Risk: While privacy framework compliance is good, enterprises need SOC 2 Type II for security assurance and industry-specific certifications. The absence of these certifications limits adoption in regulated sectors.
Enterprise Issue:
- No SOC 2 Type II certification mentioned
- No ISO 27001 or industry-specific compliance
- Limited audit trail capabilities described
Verdict: ⚠️ Strong GDPR foundation but missing key enterprise certifications
📬 6. Consent Handling
Quote: "Customer is responsible for obtaining the necessary consents from and disclosing to Participants the information that Customer will collect."

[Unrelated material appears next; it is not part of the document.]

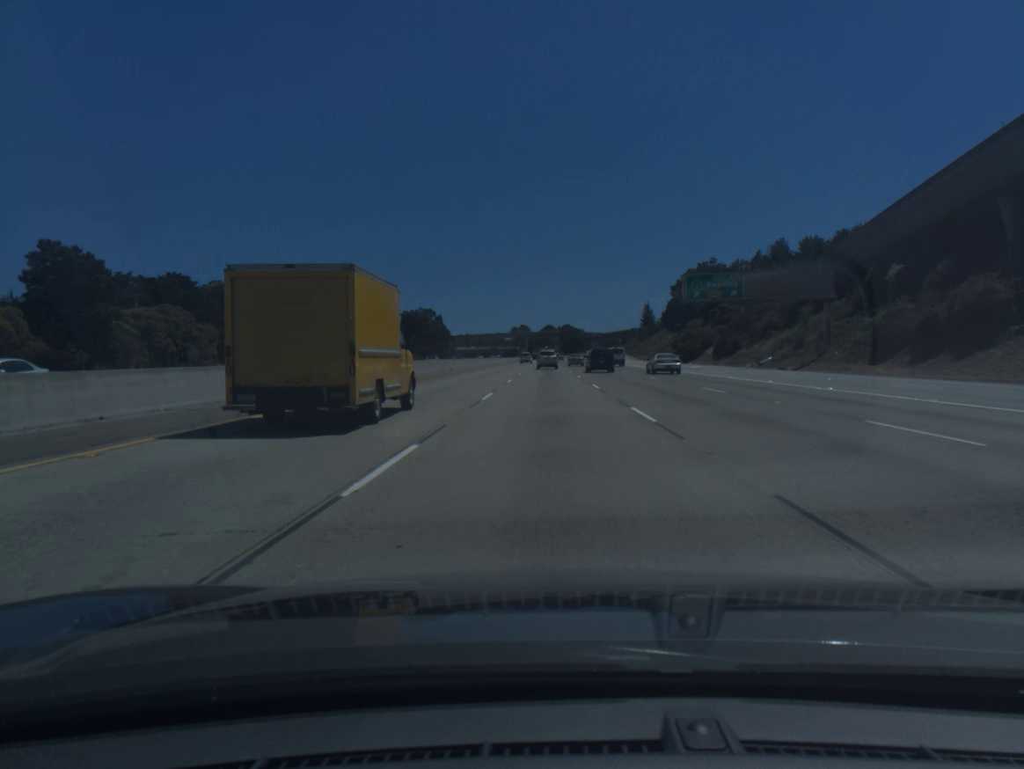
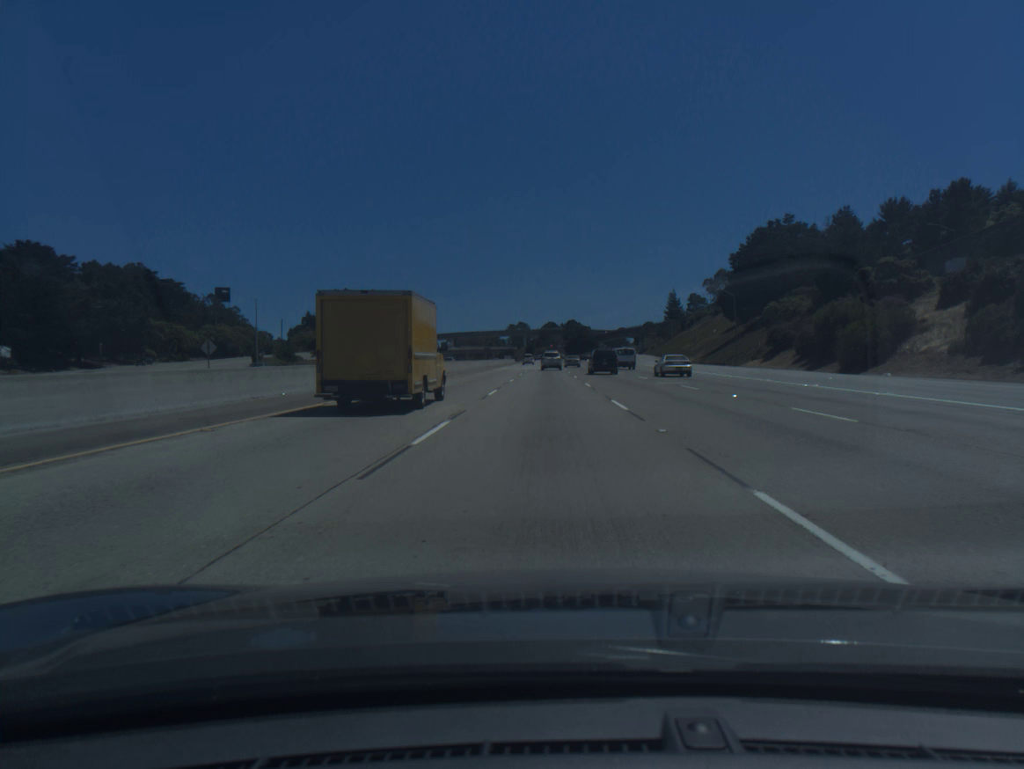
(+0.1, +69.3) m; 0°
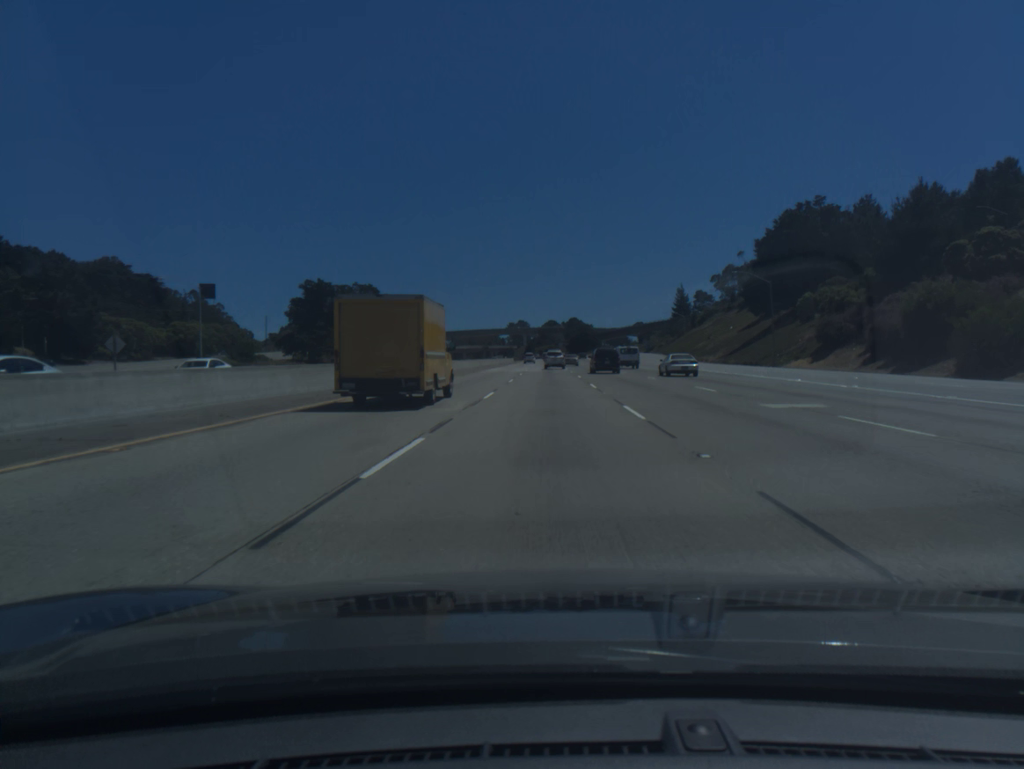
(0.0, +17.5) m; 0°

Risk: While the policy correctly places consent responsibility on the customer, enterprises need built-in consent management tools to ensure compliance at scale, especially for user research activities.
Enterprise Issue:
- Limited built-in consent automation
- Heavy reliance on customer consent management
- No mention of consent audit trails
Verdict: ✅ Places responsibility appropriately but lacks automation
🔍 7. Model Explainability
Risk: For enterprises using AI-powered insights, the lack of explainability features creates risk around biased or incorrect analysis. Regulated industries need to understand how AI systems process their data.
Enterprise Issue:
- No AI processing transparency
- No explainability features mentioned
- No logs or observability for AI operations
Verdict: ❌ No AI transparency or explainability mentioned
🧼 8. Data Retention & Deletion
Quote: "We will store Customer Data n we collect about you for no longer than necessary for the purposes set out in Annex 1 and Annex 2 and in accordance with our legal obligations and legitimate business interests."

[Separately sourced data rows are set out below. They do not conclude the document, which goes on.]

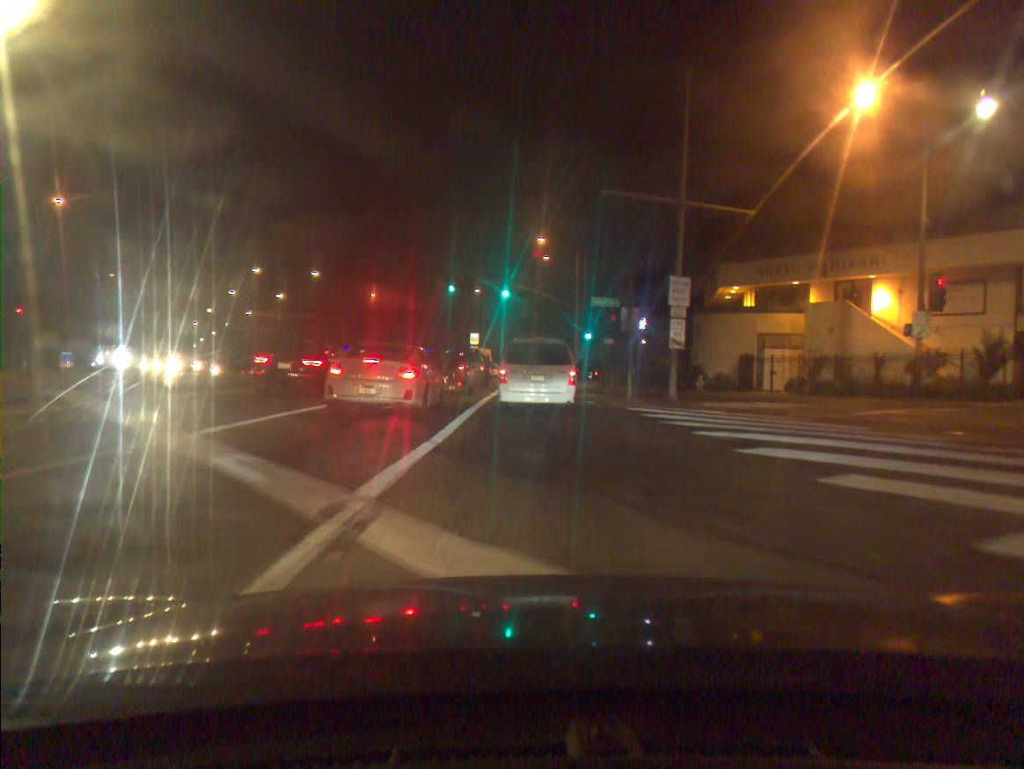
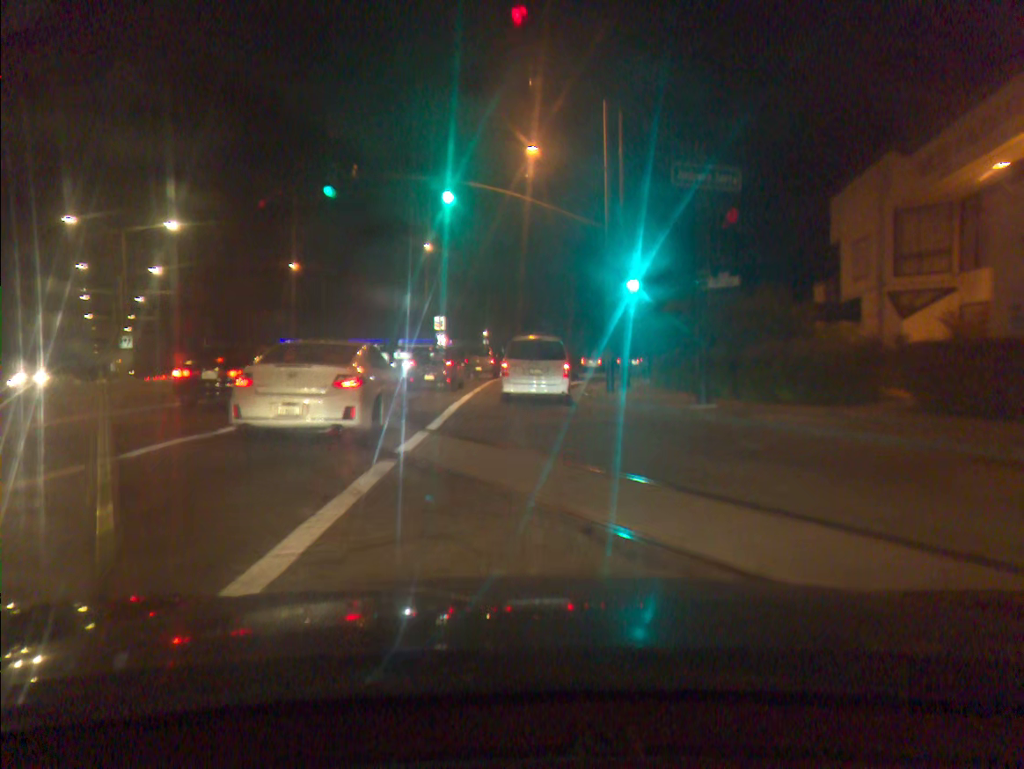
(+0.4, +29.1) m; +2°
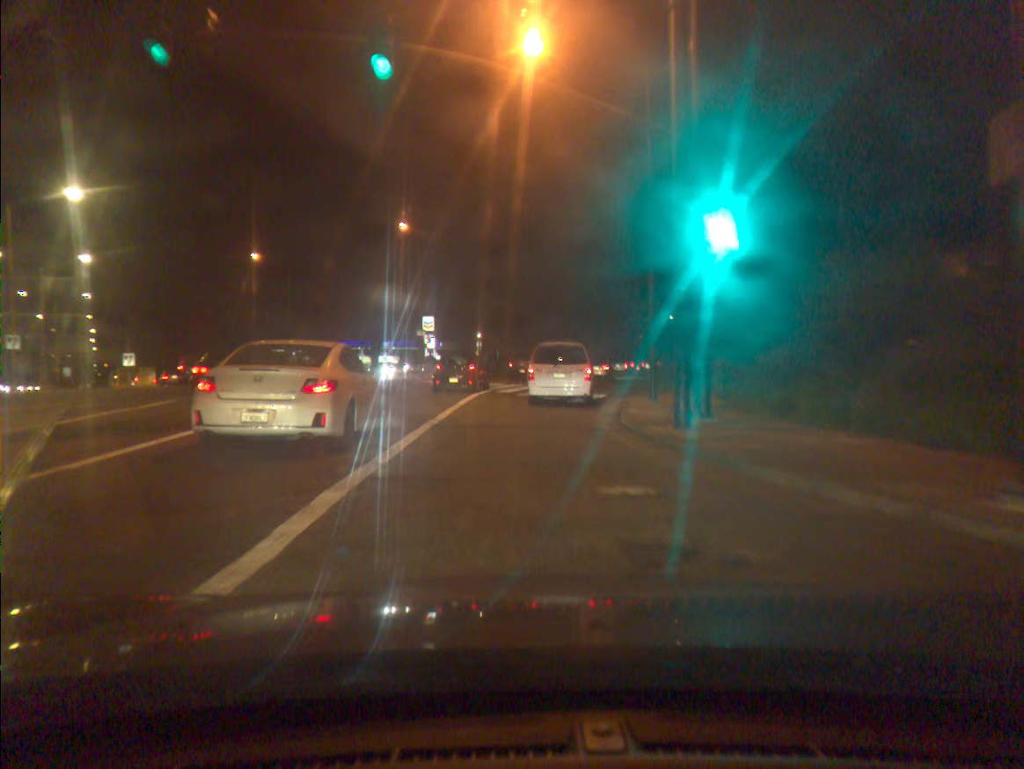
(0.0, +11.3) m; -1°
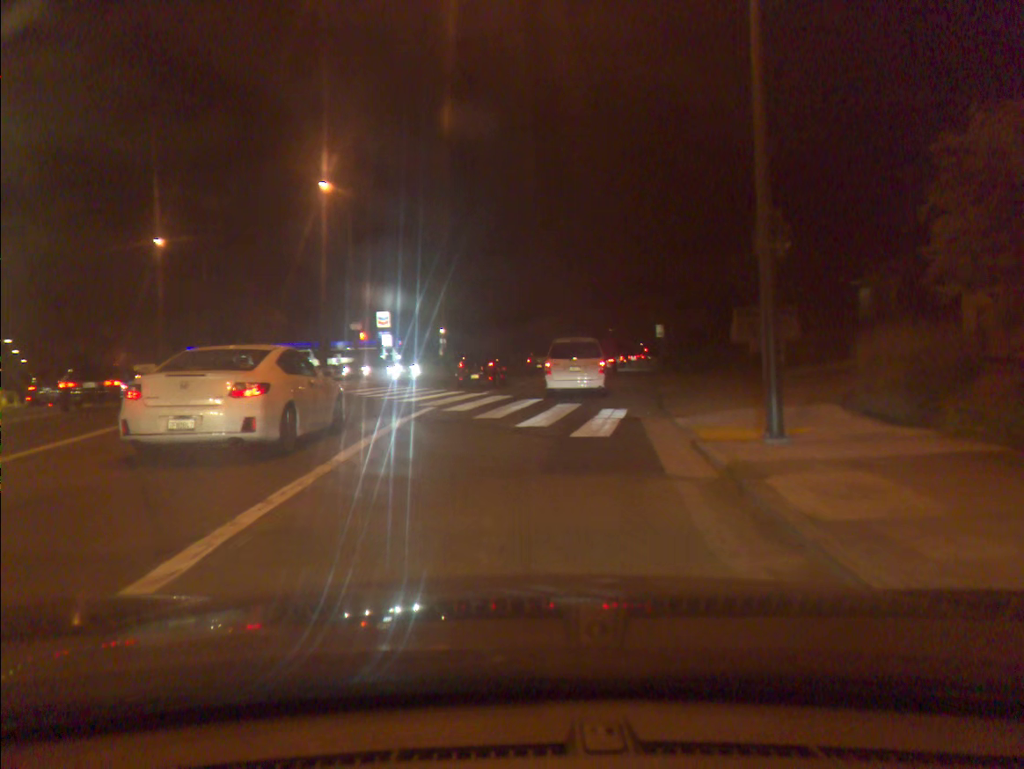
(+0.4, +11.9) m; +3°

Risk: The vague retention policy creates uncertainty for enterprises with specific data lifecycle requirements. Regulated industries need configurable retention periods and automated deletion capabilities.
Enterprise Issue:
- No specific retention timelines
- No configurable retention policies
- Unclear post-termination data handling
Verdict: ⚠️ Vague retention with no configurable enterprise policies
🤝 9. Third-Party Sharing
Quote: "Third-parties: Google Tag Manager, Facebook, Twitter, LinkedIn, HighTouch, Segment, Amplitude, Google Analytics, Hotjar, RescueMetrics"

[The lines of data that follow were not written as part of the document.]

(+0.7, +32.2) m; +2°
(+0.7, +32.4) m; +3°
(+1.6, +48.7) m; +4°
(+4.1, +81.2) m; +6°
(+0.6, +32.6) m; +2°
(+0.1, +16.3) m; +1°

Risk: The extensive third-party sharing, particularly with marketing platforms, creates data exposure risks for enterprises. The policy lacks mechanisms for enterprises to limit or control third-party sharing.
Enterprise Issue:
- Extensive marketing third-party integrations
- Limited enterprise control over third-party sharing
- No data selling prohibition for all third parties
Verdict: ⚠️ Extensive third-party ecosystem creates enterprise risk
✅ What Maze Does Right (Credit Where It's Due)
- Strong GDPR compliance and EU-US Data Privacy Framework certification
- Clear distinction between customer and participant data roles
- Comprehensive individual privacy rights implementation
- Explicit prohibition on selling personal information
- Professional incident response and breach notification procedures
Disclaimer: This evaluation is based solely on publicly available information and documentation. For formal enterprise vetting, always request a vendor's latest DPA, security whitepaper, and third-party audit reports.